Theatre Horizon casting for households to create virtual pandemic performances
With Theatre Horizon’s Norristown stage dark, the company’s latest idea for pandemic-era entertainment: What if the audiences did the performing?
Theatre Horizon is looking for a few good households.
The theater company in Montgomery County has closed its Norristown stage for the duration of the coronavirus pandemic, and like theaters everywhere, it is inventing new ways to perform and engage with audiences.
Its latest idea: What if the audiences did the performing?
“Art Houses” is a new initiative to partner with households to create work that is specific to the lives of that group, who will then perform the piece in their home for an online audience.

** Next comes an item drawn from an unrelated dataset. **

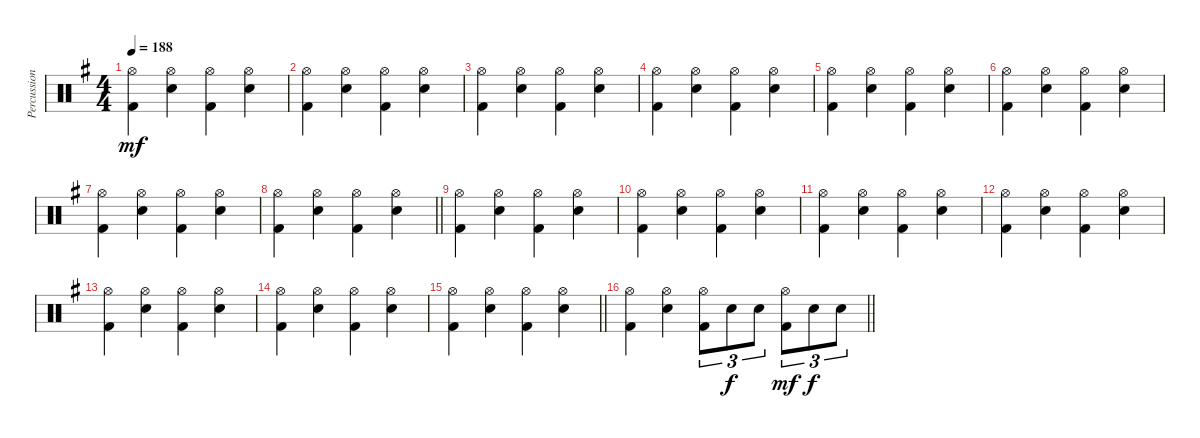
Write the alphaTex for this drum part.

The households can be families, roommates, friends or any configuration of people who share a pandemic bubble.
“I’m hoping to rep the true range of what people are experiencing right now,” said artistic director Nell Bang-Jensen, who took the helm of Theatre Horizon just six months before she was forced to close it to prevent the spread of COVID-19.
She says people are already lining up to be part of “Art Houses.”

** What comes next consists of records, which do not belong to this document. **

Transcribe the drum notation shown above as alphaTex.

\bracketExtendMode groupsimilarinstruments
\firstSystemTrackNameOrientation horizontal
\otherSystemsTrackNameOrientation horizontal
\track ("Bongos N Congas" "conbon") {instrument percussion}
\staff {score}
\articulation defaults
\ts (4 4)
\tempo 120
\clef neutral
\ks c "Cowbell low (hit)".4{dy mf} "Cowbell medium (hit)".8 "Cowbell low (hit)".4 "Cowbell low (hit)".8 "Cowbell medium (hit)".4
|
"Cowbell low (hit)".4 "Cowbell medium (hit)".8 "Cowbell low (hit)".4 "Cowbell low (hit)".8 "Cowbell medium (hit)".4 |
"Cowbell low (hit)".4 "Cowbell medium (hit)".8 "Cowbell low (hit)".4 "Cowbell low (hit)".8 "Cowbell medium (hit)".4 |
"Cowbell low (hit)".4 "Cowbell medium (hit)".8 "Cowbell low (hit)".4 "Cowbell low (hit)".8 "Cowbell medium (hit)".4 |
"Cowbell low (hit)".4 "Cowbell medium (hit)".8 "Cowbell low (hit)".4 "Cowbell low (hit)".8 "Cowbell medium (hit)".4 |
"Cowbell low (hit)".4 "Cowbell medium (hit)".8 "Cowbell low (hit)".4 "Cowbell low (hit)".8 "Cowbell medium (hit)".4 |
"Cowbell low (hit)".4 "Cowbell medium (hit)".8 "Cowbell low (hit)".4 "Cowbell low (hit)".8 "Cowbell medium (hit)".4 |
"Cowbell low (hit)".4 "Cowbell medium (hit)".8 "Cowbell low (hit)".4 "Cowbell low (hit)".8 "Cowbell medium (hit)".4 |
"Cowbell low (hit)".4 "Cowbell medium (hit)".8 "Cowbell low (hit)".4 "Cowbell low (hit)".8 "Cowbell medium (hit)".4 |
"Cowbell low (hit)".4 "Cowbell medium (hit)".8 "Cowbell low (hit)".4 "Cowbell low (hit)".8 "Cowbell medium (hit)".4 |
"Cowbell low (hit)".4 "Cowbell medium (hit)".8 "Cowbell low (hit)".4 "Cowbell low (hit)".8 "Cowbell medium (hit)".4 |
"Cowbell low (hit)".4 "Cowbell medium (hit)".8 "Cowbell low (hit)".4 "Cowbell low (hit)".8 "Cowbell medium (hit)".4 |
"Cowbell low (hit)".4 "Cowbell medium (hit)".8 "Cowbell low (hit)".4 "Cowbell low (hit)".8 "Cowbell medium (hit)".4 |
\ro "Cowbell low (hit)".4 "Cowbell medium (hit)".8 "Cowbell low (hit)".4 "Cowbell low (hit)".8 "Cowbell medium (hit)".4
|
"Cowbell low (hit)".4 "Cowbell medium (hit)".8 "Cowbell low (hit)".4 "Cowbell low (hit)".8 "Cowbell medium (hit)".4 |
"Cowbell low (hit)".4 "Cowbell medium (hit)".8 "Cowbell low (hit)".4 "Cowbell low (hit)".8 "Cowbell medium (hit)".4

“One woman with cerebral palsy wants to participate with her caregiver,” she said. “We have four roommates in West Philly who want to participate as a household. We have a family of five, an immigrant family, in South Philly.”
Households selected to participate (after what the company promises will be a “stress-free” interview) will work with a professional writer and director to create and rehearse a performance. They will be paid a $500 stipend and be expected to work about 40 hours over the course of a month to create the performance work. They will also be asked to help create a “mystery box” to be mailed to ticket holders ahead of the performance.
Those households will also be expected to reveal themselves, their homes and their relationships to a wider audience. While there may be elements of fiction in the performance pieces, Bang-Jensen wants them to focus on their personal lives.
“I’m watching a lot of performances on Zoom and it’s hard to make fiction in that space,” she said. “What I like to see on Zoom are the little slivers into each others’ lives that we would not be getting otherwise. During staff meetings, for example, you see partners or pets or kids. You see someone’s rotations of coffee cups or books in the background, or quarantine haircuts.”
Bang-Jensen said the seed of the idea for “Art Houses” came in June when she got married. Her wedding plans were changed to accommodate pandemic, with 20 people distanced in her parents’ backyard while 120 people watched on Zoom.
Afterward, she realized how hungry people are to mark the milestones of life we used to take for granted.
“These life rituals don’t go away. Babes are being born, people are celebrating birthdays, people are mourning the passing of loved ones. Our usual ways to grieve and celebrate have been taken away from us,” said Bang-Jensen. “Part of what ‘Art Houses’ is trying to do is create new rituals for people in terms of how we celebrate a family.”
Theatre Horizon is hoping to stage its first at-home “Art Houses” performance in November, and then every month after that for as long as the stage is dark. Bang-Jensen is planning for at least seven shows.